How different are the families here in Honduras, yet one thing is certainly universal.  Parents want so much more for their children than they themselves obtained.  Education, a quality education, is the key element to realize that goal.  Education, a quality education, is simply not accessible to the great majority of Honduran families.  Why hope, if hope yields disappointment?  Perhaps it is better to take pride in more modest achievements.  This must be the thoughts of most families raising children in Honduras.   Those thoughts seem to be changing in the frontier region of Intibucá.
In 2012, Shoulder to Shoulder, the community of the Good Shepherd Catholic Church in Cincinnati, and the families of the frontier region of Intibucá dared to dream of a financially accessable, quality, bilingual school.  The classrooms were designed and erected and today it is a reality with fifty-four students in kindergarten, first and second grade.   It is a public school, available to everyone.
Public education has been a disaster in Honduras.  There simply aren’t the resources.  The buildings are not maintained, materials are non-existent, the teachers are minimally qualified, and the list goes on.  Maybe Honduras needs to think about a new model.  What about a partnership among the Department of Education, a committed NGO like Shoulder to Shoulder, the surrounding municipalities, and the parents themselves?  There you have it, the Good Shepherd Bilingual School.  This model school is a first in Honduras.  There are a great many challenges that face the parents and partners of this endeavor.  But it is only with great risk that great reward can be achieved.

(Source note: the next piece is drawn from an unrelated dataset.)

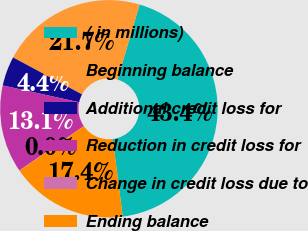Convert chart to OTSL. <chart><loc_0><loc_0><loc_500><loc_500><pie_chart><fcel>( in millions)<fcel>Beginning balance<fcel>Additional credit loss for<fcel>Reduction in credit loss for<fcel>Change in credit loss due to<fcel>Ending balance<nl><fcel>43.41%<fcel>21.73%<fcel>4.38%<fcel>13.05%<fcel>0.04%<fcel>17.39%<nl></chart> 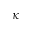Convert formula to latex. <formula><loc_0><loc_0><loc_500><loc_500>\kappa</formula>

Attorneys Plutarco Rivera and his wife Patricia Maria Sikaffy, were present at the meeting to present the proposed agreement for the foundation of the model, bilingual, public school.  Attorney Rivera exhorted those present that if this “experiment” is to have success, it will be dependent upon the dedicated involvement of the parents as represented in their committee.  In those expressions of hope and pride, another emotion was palpably present.  These parents are determined; determined that their children will have an education that will place them on the path of success and fulfillment.  In a few weeks on this website, there will be opportunity to support the parents’ determination by financially sponsoring one of their children.  It will be a tremendous opportunity to ally ourselves with a phenomenal moment of transformation.
 May these expressions of hope and pride be the force that yields enrichment!